Simple Proof by induction: “9 divides $n^3 + (n+1)^3 + (n+2)^3$”

Question

I'm trying to prove using induction that 9 divides $n^3 + (n+1)^3 + (n+2)^3$ whenever $n$ is a non-negative integer. So far, I have:

1. Base case: P(1) = (1) + (8) + (27) = 36, 36 can be divided by 9 so the base case is valid
2. Inductive step: let p(n) be the statement 9 divides $n^3 + (n+1)^3 + (n+2)^3$ Assume p(k) is true, so 9 divides $k^3 + (k+1)^3 + (k+2)^3$

And this is where I'm stuck. I'm not sure how to demonstrate that 9 divides P(n) when n = k+1. If someone could step me in the right direction that would be awesome. Thanks!

Answer 1

You want to prove that if $9\mid[n^3+(n+1)^3+(n+2)^3]$ then $9\mid[(n+1)^3+(n+2)^3+(n+3)^3]$. This boils down to proving that $9\mid[(n+3)^3-n^3]$.

Answer 2

Here's an all-purpose technique for proving your kind of induction problems.

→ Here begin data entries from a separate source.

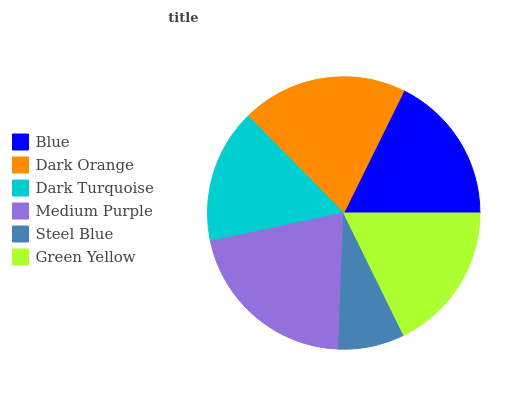Is Steel Blue the minimum?
Answer yes or no. Yes. Is Medium Purple the maximum?
Answer yes or no. Yes. Is Dark Orange the minimum?
Answer yes or no. No. Is Dark Orange the maximum?
Answer yes or no. No. Is Dark Orange greater than Blue?
Answer yes or no. Yes. Is Blue less than Dark Orange?
Answer yes or no. Yes. Is Blue greater than Dark Orange?
Answer yes or no. No. Is Dark Orange less than Blue?
Answer yes or no. No. Is Green Yellow the high median?
Answer yes or no. Yes. Is Blue the low median?
Answer yes or no. Yes. Is Blue the high median?
Answer yes or no. No. Is Medium Purple the low median?
Answer yes or no. No. 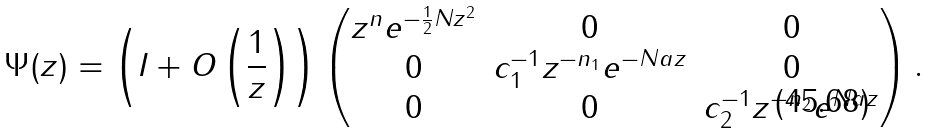<formula> <loc_0><loc_0><loc_500><loc_500>\Psi ( z ) = \left ( I + O \left ( \frac { 1 } { z } \right ) \right ) \begin{pmatrix} z ^ { n } e ^ { - \frac { 1 } { 2 } N z ^ { 2 } } & 0 & 0 \\ 0 & c _ { 1 } ^ { - 1 } z ^ { - n _ { 1 } } e ^ { - N a z } & 0 \\ 0 & 0 & c _ { 2 } ^ { - 1 } z ^ { - n _ { 2 } } e ^ { N a z } \end{pmatrix} .</formula> 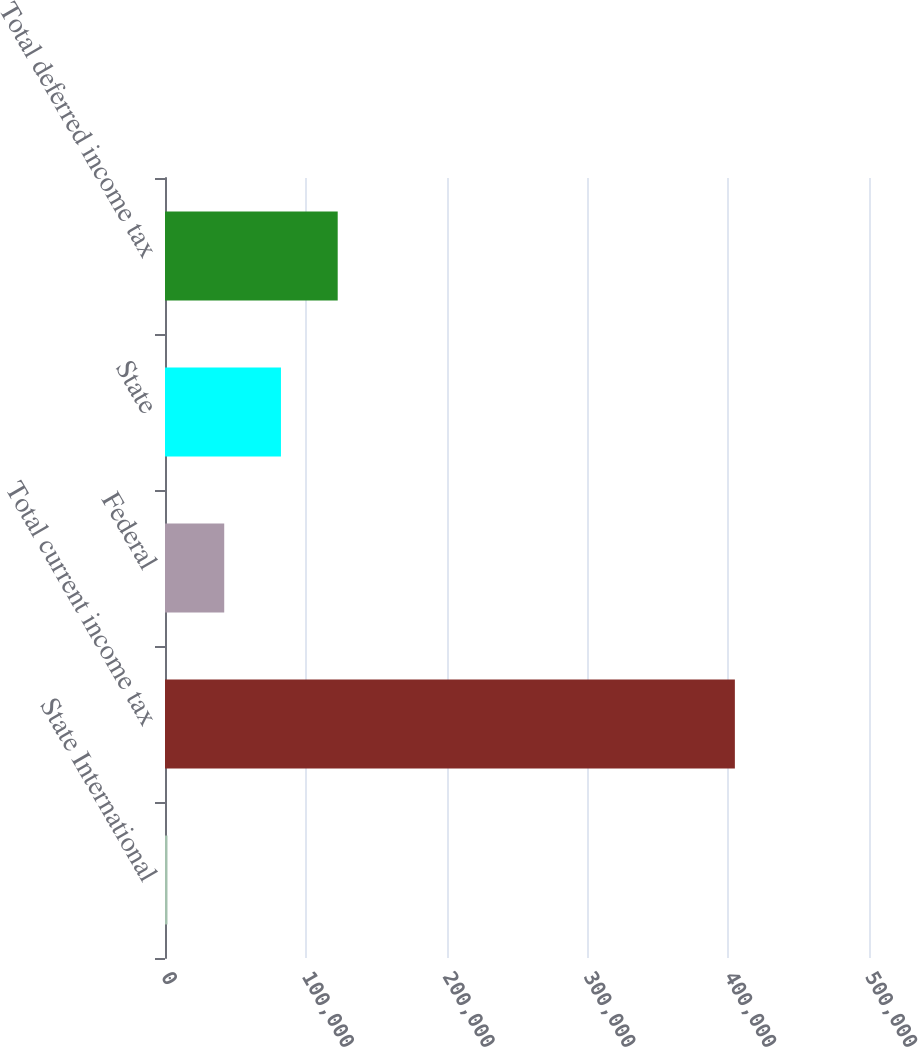Convert chart to OTSL. <chart><loc_0><loc_0><loc_500><loc_500><bar_chart><fcel>State International<fcel>Total current income tax<fcel>Federal<fcel>State<fcel>Total deferred income tax<nl><fcel>1764<fcel>404737<fcel>42061.3<fcel>82358.6<fcel>122656<nl></chart> 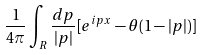Convert formula to latex. <formula><loc_0><loc_0><loc_500><loc_500>\frac { 1 } { 4 \pi } \int _ { R } \frac { d p } { | p | } [ e ^ { i p x } - \theta ( 1 - | p | ) ]</formula> 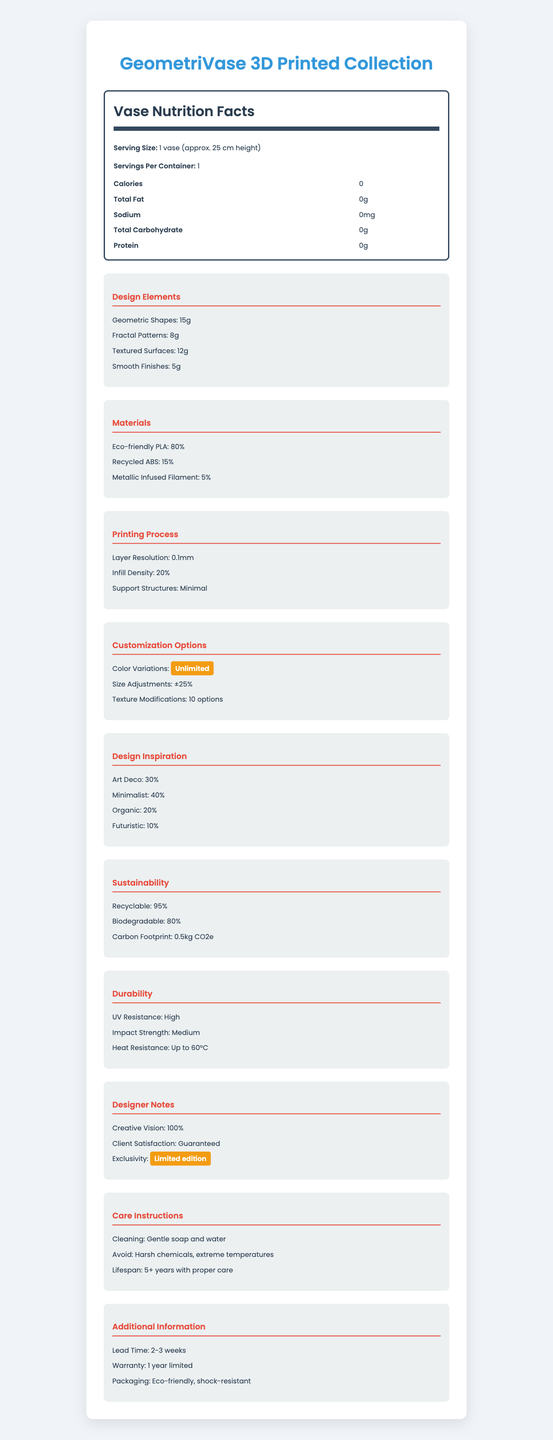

You are trying to prove using induction that 9 divides $n^3 + (n+1)^3 + (n+2)^3$ whenever n is a non-negative integer.

You have already demonstrated the base case, so here's the inductive step.

Assuming it is true for n, is it also true for n+1?

That means to say: is $(n+1)^3 + (n+2)^3 + (n+3)^3$ divisible by 9?

Well, if $[(n+1)^3 + (n+2)^3 + (n+3)^3] -[n^3 + (n+1)^3 + (n+2)^3]$ (the difference of the inductive step and the formula) is divisible by 9, so is $(n+1)^3 + (n+2)^3 + (n+3)^3$.

Why? A bit of modular arithmetic here. If (x mod 9) - (0 mod 9) = (0 mod 9) then x = (0 mod 9). This means that if the difference is divisible by 9, and one of the numbers in our subtraction is divisible by 9, the other number must be too.

I'm not going to do the algebra on here, but you can verify that $[(n+1)^3 + (n+2)^3 + (n+3)^3] -[n^3 + (n+1)^3 + (n+2)^3]$ simplifies into $9n^2+27n+27$ which you can rewrite as $9(n^2+3n+3)$. Hence the difference is divisible by 9, and so is our inductive step.

Q.E.D.

Answer 3

HINT $\ \ $ If $\rm\ 9\:|\:P(n)\ $ then $\rm \ 9\:|\:P(n+1)\ \iff\ 9\ | \ P(n+1)-P(n)\ =\ (n+3)^3 - n^3$

REMARK $\ $ This reduction can be viewed as arising from rewriting $\rm\: P(n)\: $ as a telescoping series

$$\rm P(n) = (P(n)-P(n-1)) + (P(n-1)-P(n-2)) +\: \cdots\: + (P(1)-P(0))+\ P(0) $$

Thus $\ 9\ $ divides $\rm\ P(n)\ $ if it divides all RHS terms,$\ $ i.e.$\ $ all the differences $\rm \ P(i+1)-P(i)\ $ and $\rm\ P(0)$. Since $\rm\: P\:$ is a polynomial, its difference has lower degree than $\rm\: P\:$, so the problem reduces to a simpler one.

Such telescopic transformations often simplify inductive proofs. See here for similar multiplicative telescopy.

Note: if you continue to iterate the above reduction then it amounts to showing that the coefficients $\rm \Delta^k P(0)$ in Newton's forward difference formula are all divisible by 9. Indeed one has

$$\rm P(n)\ =\ 9 + 27\ n + 36\ \binom{n}2 + 18\ \binom{n}3 $$

Equivalently, one could simply check that four consecutive values of $\rm\:P\:$ are multiples of 9. Analogous remarks hold true for any $\rm\:P(n)\:$ that satisfies a monic linear recurrence with polynomial coefficients (or, much more generally, for proving identities of multivariate holonomic functions). While this viewpoint is overkill here, it is essential when working with nontrivial examples.

Answer 4

It's clearer if you write it instead in a symmetric fashion: $(n-1)^3+n^3+(n+1)^3$, which simplifies to $3n(n^2+2)$. If $n$ is a multiple of $3$ then this is a multiple of $9$. Otherwise, $n$ leaves a remainder of $\pm1$ when divided by $3$ and so $n^2+2$ is multiple of $3$, which implies that $3n(n^2+2)$ is a multiple of $9$. It's not a proof by induction, though.